I became enthused since early childhood with a powerful cognitive curiosity, or what can be described as "an insatiable need to unravel the roots of these subtleties. Putting aside my inadequacy in history and the concomitant fear of failure that this engenders, I nonetheless decided to search for such subtle but dynamic differences as exist between the two tribes through migration and proto-linguistic patterns (in Africa in general, but West Africa in particular). Thus, in pursuance of my stated goal, I decided to examine the broad spectrum of language families/phylum or classifications and their origin and patterns of migrations in the different regions of West Africa, especially the Mandara and Lake Chad regions. A second rationale (in conjunction with, and duly related to, the first) for producing this work is to make an attempt to understand the origins and dynamics of those proto-languages that eventually led to the production or classification of the languages into the different language family groups that we have today. A third, but equally powerful, rationale for this project is to make an attempt to explain the existence, or non-existence, of some social and cultural differences that may or may not exist between the two ethnic groups, then and now.

However, before we continue in our search for the sources of the subtle differences between the two tribes, I would like to take a brief diversion, and examine the environmental milieus in which the two tribes live, the milieus that sustain their existence.
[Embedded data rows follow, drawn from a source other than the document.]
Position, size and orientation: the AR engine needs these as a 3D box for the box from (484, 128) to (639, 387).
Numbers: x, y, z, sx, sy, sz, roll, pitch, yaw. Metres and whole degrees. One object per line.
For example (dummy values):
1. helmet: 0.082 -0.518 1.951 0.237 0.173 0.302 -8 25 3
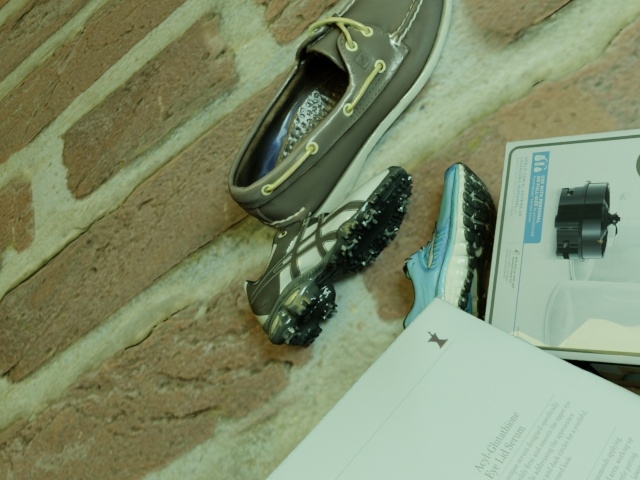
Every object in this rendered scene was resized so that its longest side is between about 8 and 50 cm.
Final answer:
1. box: 0.264 0.012 0.456 0.289 0.087 0.169 0 69 35

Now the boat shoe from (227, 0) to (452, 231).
1. boat shoe: 0.021 -0.159 0.702 0.116 0.096 0.324 30 88 39

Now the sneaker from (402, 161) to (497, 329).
1. sneaker: 0.099 0.009 0.592 0.073 0.063 0.162 -2 68 38

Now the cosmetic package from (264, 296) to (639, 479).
1. cosmetic package: 0.074 0.217 0.325 0.284 0.097 0.377 28 48 28

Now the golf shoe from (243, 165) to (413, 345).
1. golf shoe: 0.000 0.000 0.651 0.198 0.077 0.094 -51 58 4
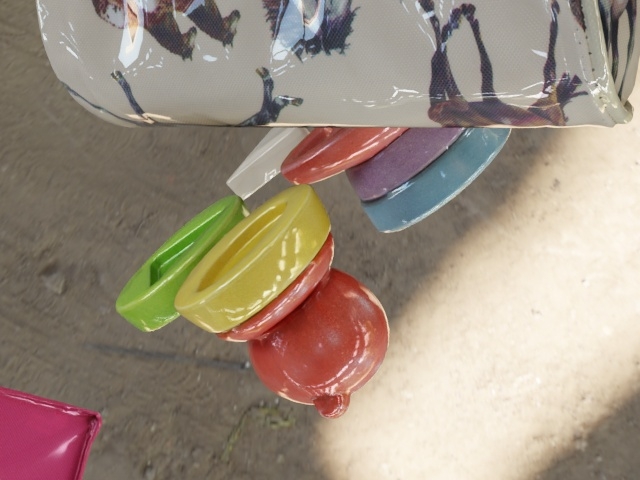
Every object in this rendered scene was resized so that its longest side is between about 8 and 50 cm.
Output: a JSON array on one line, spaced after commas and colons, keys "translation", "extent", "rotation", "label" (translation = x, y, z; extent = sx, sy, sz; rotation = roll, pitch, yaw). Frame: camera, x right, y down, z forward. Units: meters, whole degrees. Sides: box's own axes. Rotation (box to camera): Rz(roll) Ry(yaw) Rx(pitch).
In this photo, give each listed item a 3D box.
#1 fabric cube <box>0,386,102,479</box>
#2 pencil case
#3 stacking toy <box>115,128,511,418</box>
[{"translation": [-0.352, 0.224, 0.902], "extent": [0.259, 0.258, 0.254], "rotation": [21, 72, -27], "label": "fabric cube"}, {"translation": [0.002, -0.163, 0.762], "extent": [0.410, 0.160, 0.184], "rotation": [2, 96, 27], "label": "pencil case"}, {"translation": [0.000, 0.000, 0.900], "extent": [0.130, 0.279, 0.309], "rotation": [48, 60, -14], "label": "stacking toy"}]

Topographically, the dominant feature of the district, as stated by Davies (Davies 1956), is the Biu plateau (and the Biu plateau and plains can be regarded as a unit on its own). Davies observed that the plateau has a scarp all round it which, in places, slopes gradually off to the north and has steep precipitous escarpments to the south. To the east and west, it falls down in steps, and to the west around the Tera district, it falls eight hundred feet lower than the Biu highlands.
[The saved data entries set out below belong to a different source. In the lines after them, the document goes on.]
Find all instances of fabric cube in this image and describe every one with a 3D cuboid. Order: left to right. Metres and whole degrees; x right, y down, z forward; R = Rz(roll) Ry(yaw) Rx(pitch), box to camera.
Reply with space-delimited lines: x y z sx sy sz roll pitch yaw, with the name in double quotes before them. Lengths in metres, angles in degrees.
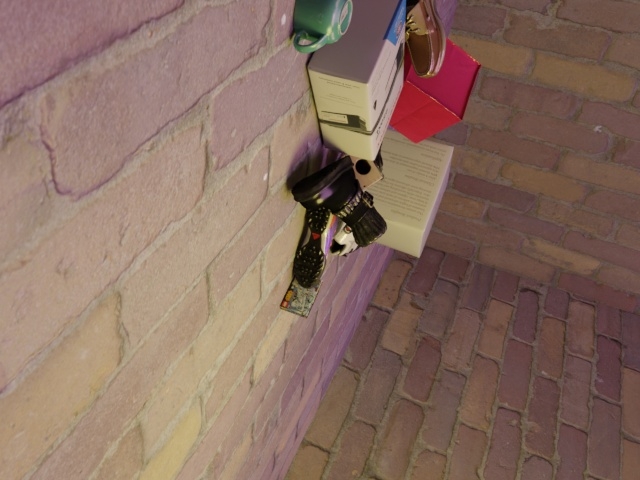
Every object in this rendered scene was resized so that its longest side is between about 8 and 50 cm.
"fabric cube" 0.360 -0.540 2.073 0.258 0.259 0.254 -20 -137 61

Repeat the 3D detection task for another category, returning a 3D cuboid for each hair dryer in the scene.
"hair dryer" 0.176 -0.339 2.087 0.293 0.080 0.224 -91 -178 -75

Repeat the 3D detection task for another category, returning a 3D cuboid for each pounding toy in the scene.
"pounding toy" 0.096 -0.255 1.860 0.094 0.206 0.181 -33 -178 -11

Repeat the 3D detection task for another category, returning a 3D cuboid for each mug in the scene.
"mug" 0.008 -0.483 1.285 0.129 0.097 0.158 -39 145 -67

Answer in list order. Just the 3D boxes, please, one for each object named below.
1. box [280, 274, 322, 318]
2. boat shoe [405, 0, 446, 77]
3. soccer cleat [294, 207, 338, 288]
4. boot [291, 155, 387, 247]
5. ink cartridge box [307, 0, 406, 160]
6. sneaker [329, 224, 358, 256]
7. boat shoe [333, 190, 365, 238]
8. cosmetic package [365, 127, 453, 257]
"box" -0.061 0.174 1.903 0.027 0.093 0.137 84 28 -61
"boat shoe" 0.257 -0.609 1.624 0.116 0.123 0.325 -12 94 -37
"soccer cleat" 0.000 0.000 1.863 0.116 0.108 0.319 -16 121 -59
"boot" 0.069 -0.088 1.682 0.260 0.131 0.348 64 30 -9
"ink cartridge box" 0.112 -0.442 1.607 0.395 0.166 0.286 72 39 -69
"sneaker" 0.074 -0.001 2.205 0.146 0.122 0.330 -43 169 -13
"boat shoe" 0.082 -0.151 2.015 0.103 0.118 0.321 29 84 -83
"cosmetic package" 0.334 -0.200 2.481 0.327 0.329 0.394 72 39 -69
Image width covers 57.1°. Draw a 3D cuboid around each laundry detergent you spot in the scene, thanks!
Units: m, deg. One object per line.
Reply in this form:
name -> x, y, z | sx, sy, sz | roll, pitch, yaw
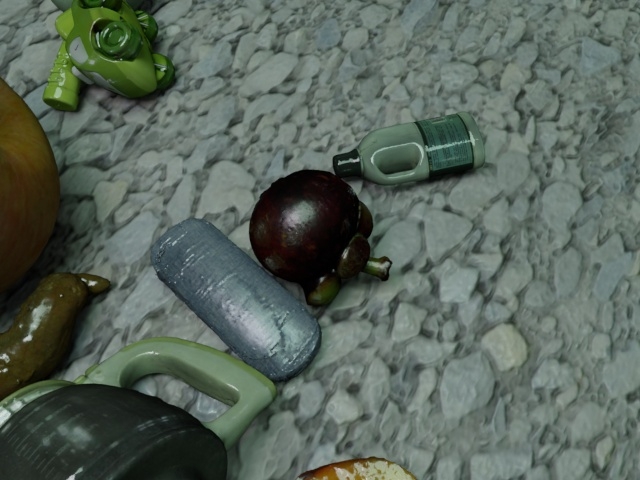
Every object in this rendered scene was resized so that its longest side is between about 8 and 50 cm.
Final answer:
laundry detergent -> 0.130, -0.134, 0.903 | 0.226, 0.070, 0.099 | -12, 70, -5

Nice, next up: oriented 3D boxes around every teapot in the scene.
teapot -> -0.235, 0.226, 0.645 | 0.239, 0.239, 0.321 | 26, 71, 28

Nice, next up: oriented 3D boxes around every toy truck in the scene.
toy truck -> -0.368, -0.322, 0.982 | 0.211, 0.148, 0.186 | -11, 77, 16

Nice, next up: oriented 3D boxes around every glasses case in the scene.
glasses case -> -0.119, 0.076, 0.806 | 0.282, 0.067, 0.109 | 40, 76, 17

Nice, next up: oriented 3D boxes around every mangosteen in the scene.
mangosteen -> -0.010, -0.004, 0.795 | 0.173, 0.172, 0.183 | -21, 84, -9

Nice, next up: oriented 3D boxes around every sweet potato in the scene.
sweet potato -> -0.410, 0.142, 0.765 | 0.310, 0.098, 0.124 | -30, 79, -21

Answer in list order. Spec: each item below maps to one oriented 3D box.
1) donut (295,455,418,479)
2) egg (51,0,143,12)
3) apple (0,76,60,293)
donut -> 0.039, 0.338, 0.664 | 0.190, 0.074, 0.174 | -27, 64, -16
egg -> -0.393, -0.470, 1.048 | 0.192, 0.149, 0.149 | -25, 65, -10
apple -> -0.533, -0.079, 0.720 | 0.347, 0.391, 0.391 | -35, 65, 7

The most distinctive precipitous region, according to Davies, is the southern part, especially from Buma to Kwajaffa where the precipitous escarpments and hills produce a fine rugged landscape around the river Hawul. South of the division, on the other side of the river Hawul, is the majestic Adamawa State Inselberg landscape. To the west is the river Gongola, one of the Largest Rivers in Nigeria. However, to the north and east of the division lie the dull and monotonous plains of Bornu proper.

The plateau is a volcanic one, and in the south are many flat-topped hills showing its previous level. Some of these have well-developed craters with breached rims and steep sides, but the best known, and an attraction to visitors is the Tilla which is notable for its crocodile-infested lake. Throughout the division are a number of prominent hills that can be seen for some distance, such as Walama, Marama and Vidau.

Vegetationally, the plateau, including the area of Garkida, is orchard—orchards and bush on the boundary of the Sudanian Savanna and the Guinea Savanna. A good deal of the division has been denuded of thick forests as a result of moderate erosion and by a moderately dense population growth.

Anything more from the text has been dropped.